__TASK__. Pictures excluded, return every entry exactly, please.

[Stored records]
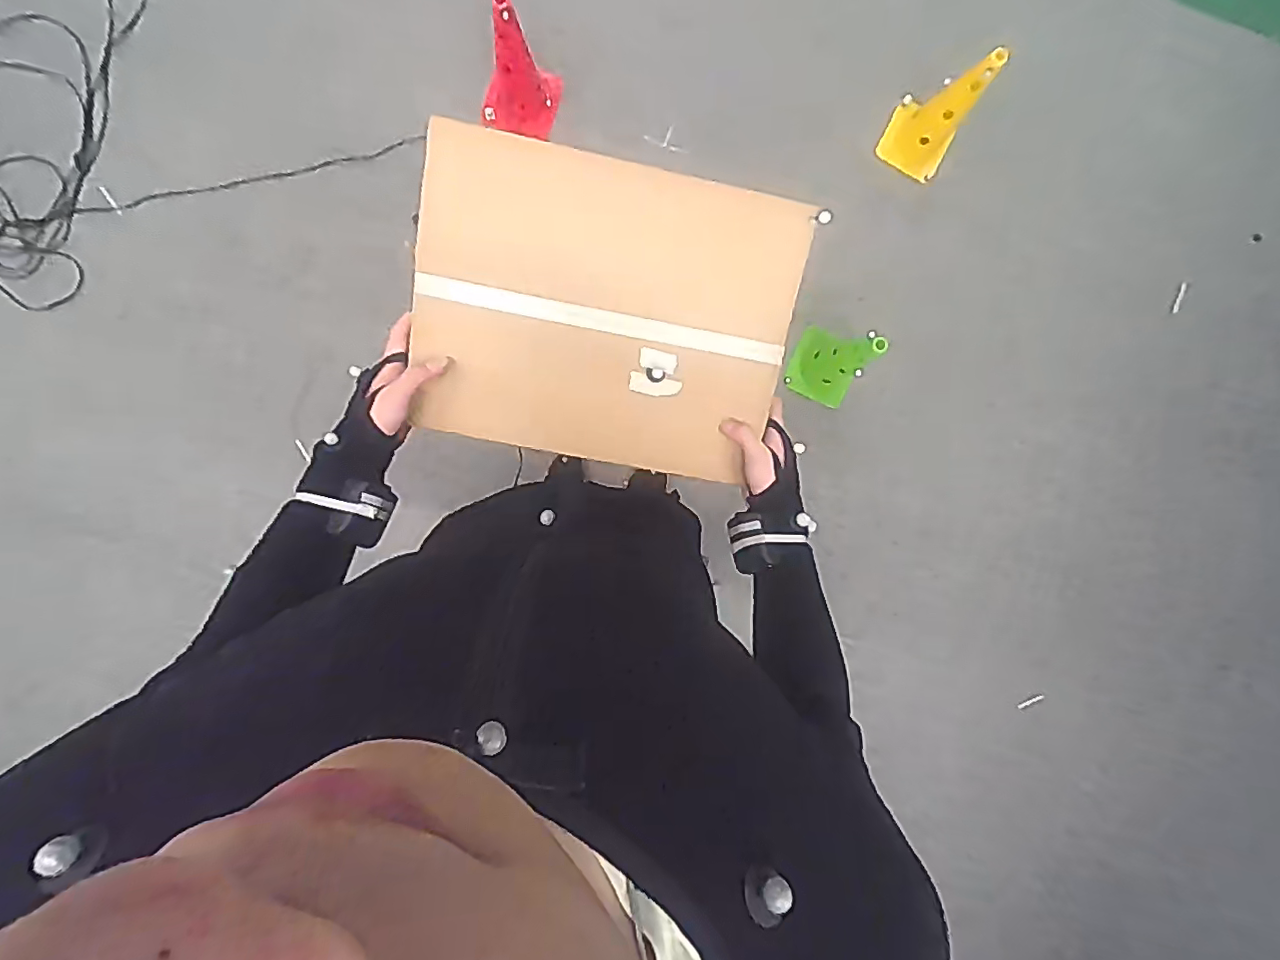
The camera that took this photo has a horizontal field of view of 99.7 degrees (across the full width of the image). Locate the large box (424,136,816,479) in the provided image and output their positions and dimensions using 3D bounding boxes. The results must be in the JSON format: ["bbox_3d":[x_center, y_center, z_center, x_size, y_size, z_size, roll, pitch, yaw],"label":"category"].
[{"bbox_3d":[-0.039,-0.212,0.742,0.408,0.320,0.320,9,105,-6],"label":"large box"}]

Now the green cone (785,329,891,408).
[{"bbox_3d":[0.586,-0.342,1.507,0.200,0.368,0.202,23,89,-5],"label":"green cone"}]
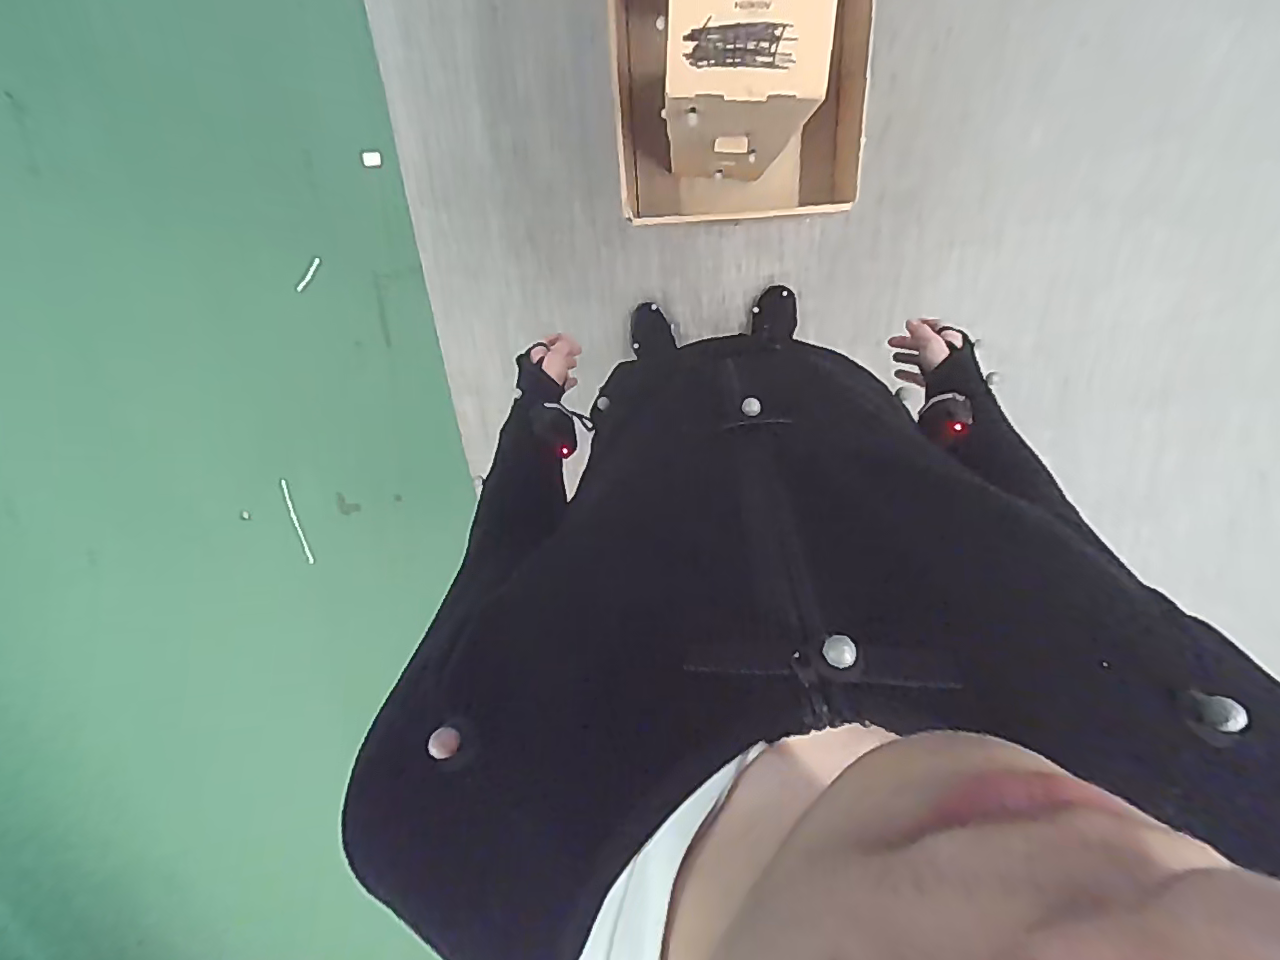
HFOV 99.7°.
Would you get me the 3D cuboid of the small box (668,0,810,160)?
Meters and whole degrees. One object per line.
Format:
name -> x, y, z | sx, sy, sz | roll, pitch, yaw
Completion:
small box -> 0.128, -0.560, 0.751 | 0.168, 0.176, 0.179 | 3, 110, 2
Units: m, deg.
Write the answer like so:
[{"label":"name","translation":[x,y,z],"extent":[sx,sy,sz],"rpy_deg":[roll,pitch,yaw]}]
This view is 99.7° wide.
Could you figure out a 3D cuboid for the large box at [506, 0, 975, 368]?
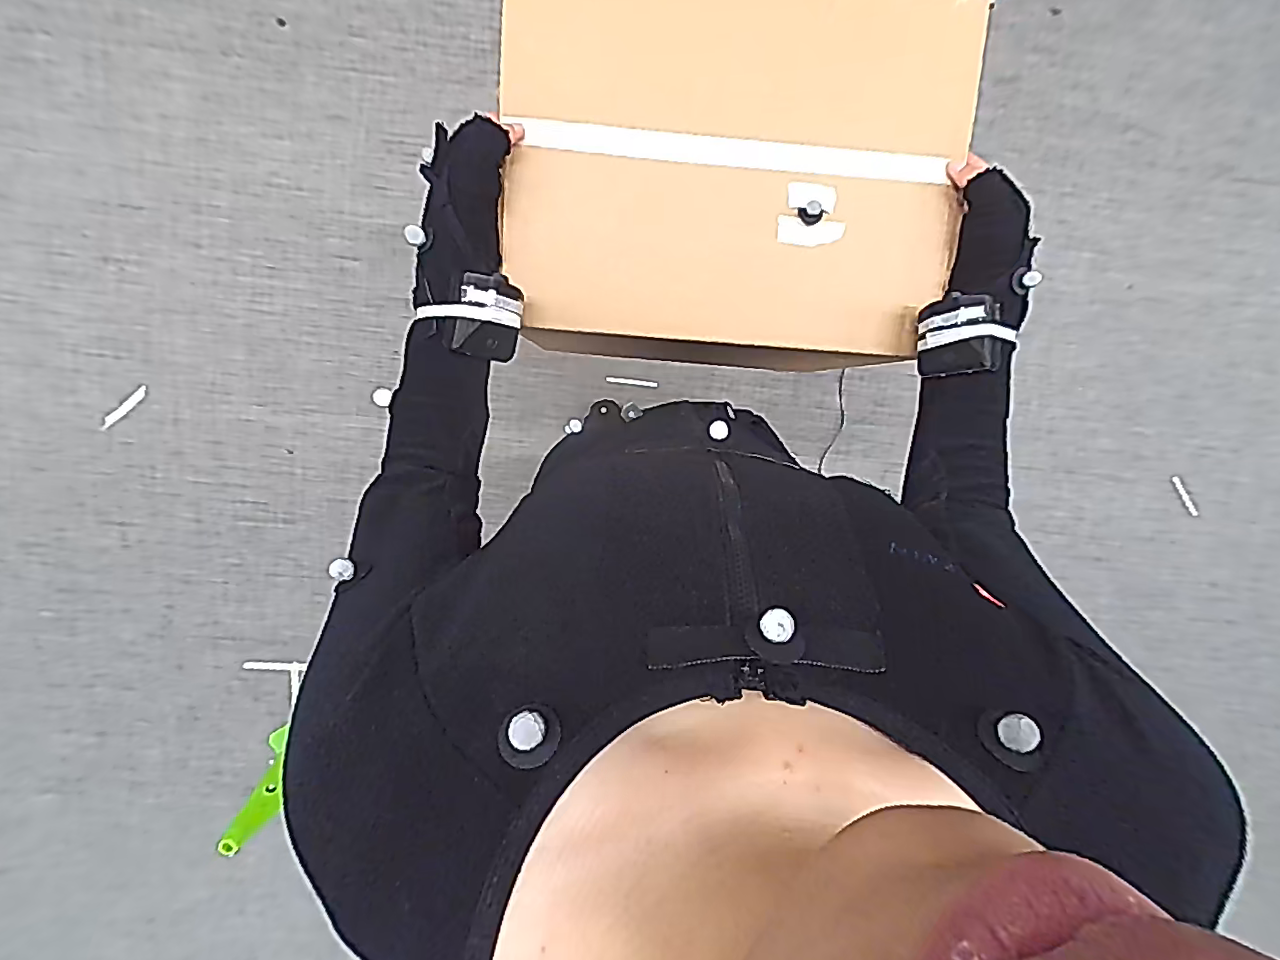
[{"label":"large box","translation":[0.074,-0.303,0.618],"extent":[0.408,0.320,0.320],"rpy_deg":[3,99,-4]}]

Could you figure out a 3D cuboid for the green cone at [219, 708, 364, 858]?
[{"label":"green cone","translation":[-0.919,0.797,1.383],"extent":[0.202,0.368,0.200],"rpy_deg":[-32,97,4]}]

__ANSWER FOR THE TASK__.
The camera that took this photo has a horizontal field of view of 99.7 degrees (across the full width of the image). Locate the large box (424,136,816,479) in the provided image and output their positions and dimensions using 3D bounding boxes. The results must be in the JSON format: ["bbox_3d":[x_center, y_center, z_center, x_size, y_size, z_size, roll, pitch, yaw],"label":"category"].
[{"bbox_3d":[-0.039,-0.212,0.742,0.408,0.320,0.320,9,105,-6],"label":"large box"}]

Now the green cone (785,329,891,408).
[{"bbox_3d":[0.586,-0.342,1.507,0.200,0.368,0.202,23,89,-5],"label":"green cone"}]
HFOV 99.7°.
Would you get me the 3D cuboid of the small box (668,0,810,160)?
Meters and whole degrees. One object per line.
Format:
name -> x, y, z | sx, sy, sz | roll, pitch, yaw
Completion:
small box -> 0.128, -0.560, 0.751 | 0.168, 0.176, 0.179 | 3, 110, 2
Units: m, deg.
Write the answer like so:
[{"label":"name","translation":[x,y,z],"extent":[sx,sy,sz],"rpy_deg":[roll,pitch,yaw]}]
This view is 99.7° wide.
Could you figure out a 3D cuboid for the large box at [506, 0, 975, 368]?
[{"label":"large box","translation":[0.074,-0.303,0.618],"extent":[0.408,0.320,0.320],"rpy_deg":[3,99,-4]}]

Could you figure out a 3D cuboid for the green cone at [219, 708, 364, 858]?
[{"label":"green cone","translation":[-0.919,0.797,1.383],"extent":[0.202,0.368,0.200],"rpy_deg":[-32,97,4]}]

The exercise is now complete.